> _What is needed_: Could you copy the records below exactly, keeping none of the images?

++++ Dataset

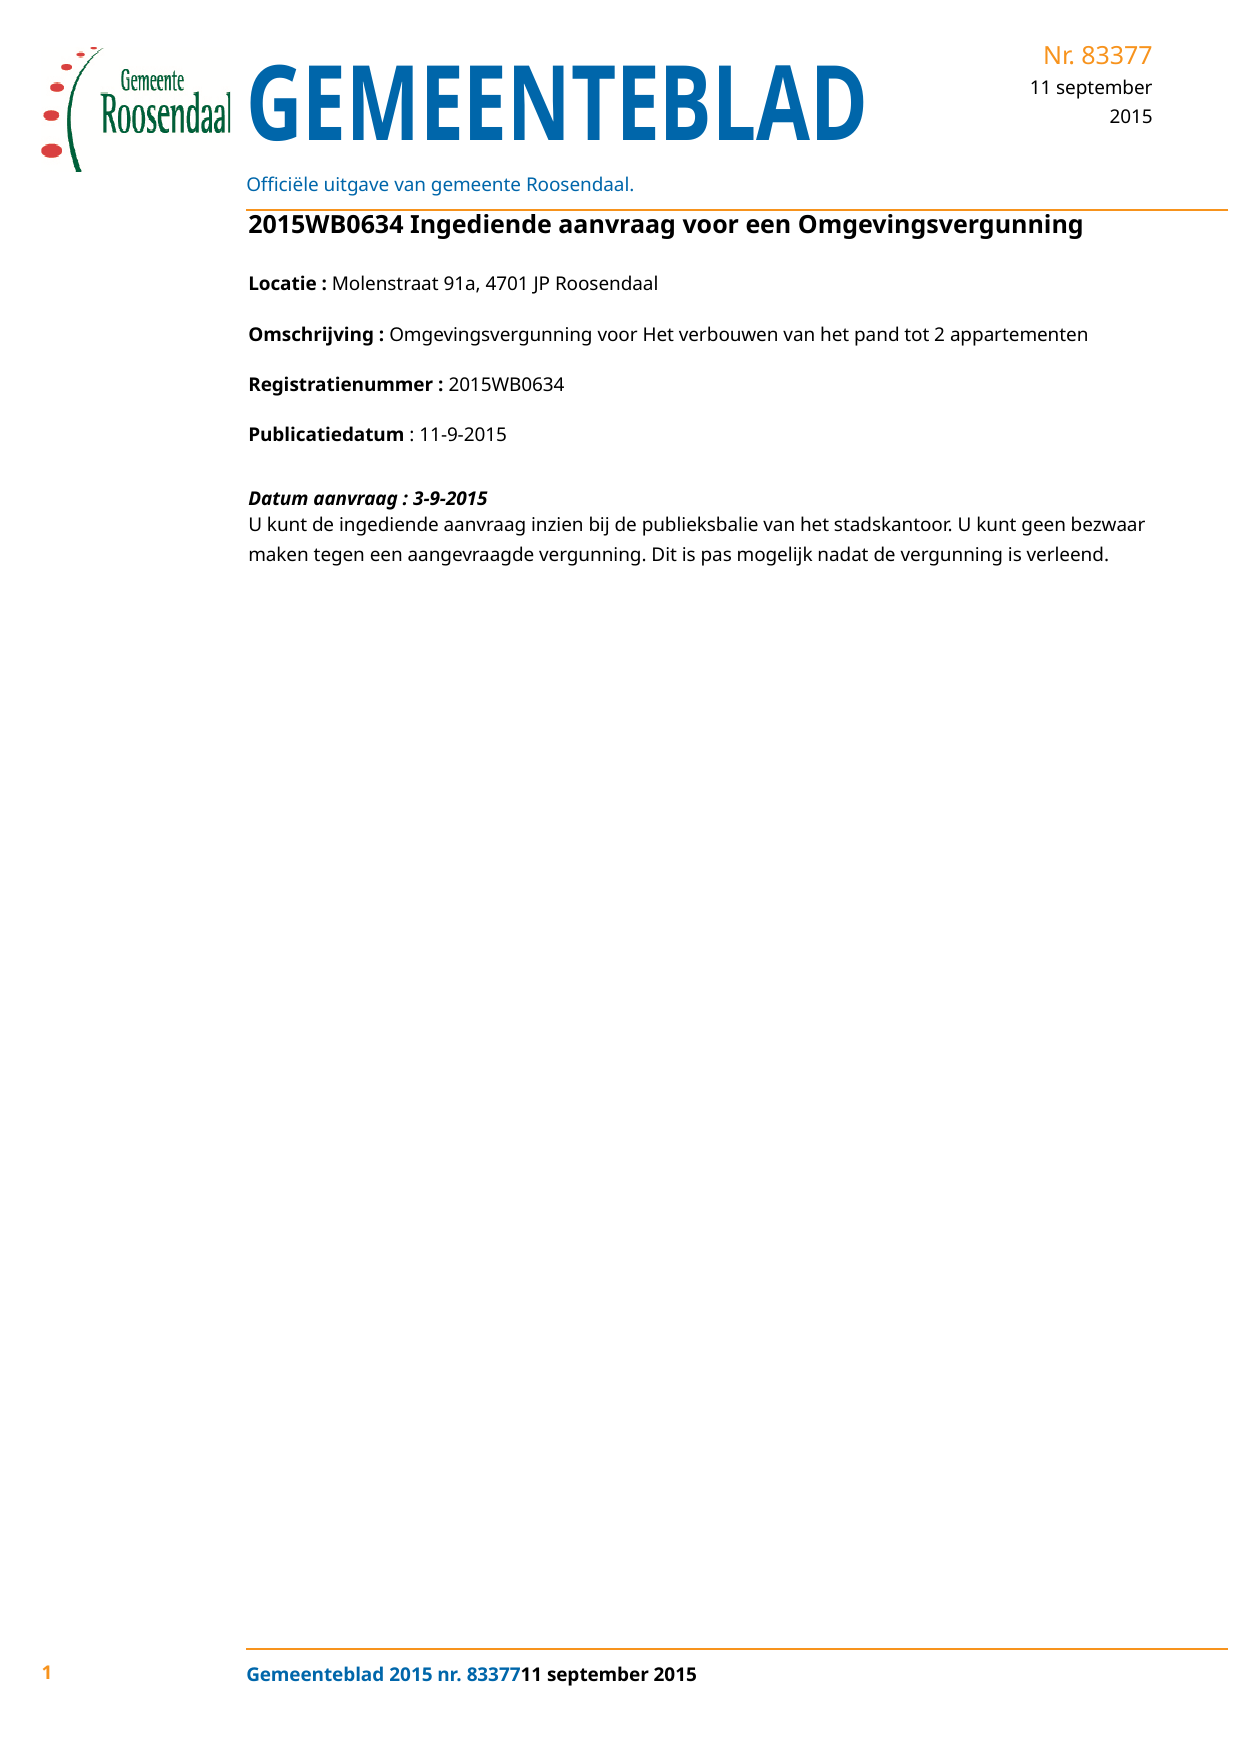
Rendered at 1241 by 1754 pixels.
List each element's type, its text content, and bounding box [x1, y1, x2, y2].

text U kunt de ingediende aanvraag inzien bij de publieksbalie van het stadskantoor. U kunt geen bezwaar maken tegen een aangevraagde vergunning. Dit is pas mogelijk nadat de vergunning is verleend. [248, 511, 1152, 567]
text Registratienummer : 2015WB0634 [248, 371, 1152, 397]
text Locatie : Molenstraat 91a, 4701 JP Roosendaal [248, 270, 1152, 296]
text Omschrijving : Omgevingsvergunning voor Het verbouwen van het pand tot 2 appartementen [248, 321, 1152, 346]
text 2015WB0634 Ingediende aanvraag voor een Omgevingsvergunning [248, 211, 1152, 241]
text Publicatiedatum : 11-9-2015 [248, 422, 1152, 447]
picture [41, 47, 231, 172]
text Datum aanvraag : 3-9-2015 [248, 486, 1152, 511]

++++++++

> _Your solution_:
Rendered at 1241 by 1754 pixels.
List each element's type, its text content, and bounding box [x1, y1, x2, y2].

text U kunt de ingediende aanvraag inzien bij de publieksbalie van het stadskantoor. U kunt geen bezwaar maken tegen een aangevraagde vergunning. Dit is pas mogelijk nadat de vergunning is verleend. [248, 511, 1152, 567]
text Registratienummer : 2015WB0634 [248, 371, 1152, 397]
text Locatie : Molenstraat 91a, 4701 JP Roosendaal [248, 270, 1152, 296]
text Omschrijving : Omgevingsvergunning voor Het verbouwen van het pand tot 2 appartementen [248, 321, 1152, 346]
text 2015WB0634 Ingediende aanvraag voor een Omgevingsvergunning [248, 211, 1152, 241]
text Publicatiedatum : 11-9-2015 [248, 422, 1152, 447]
picture [41, 47, 231, 172]
text Datum aanvraag : 3-9-2015 [248, 486, 1152, 511]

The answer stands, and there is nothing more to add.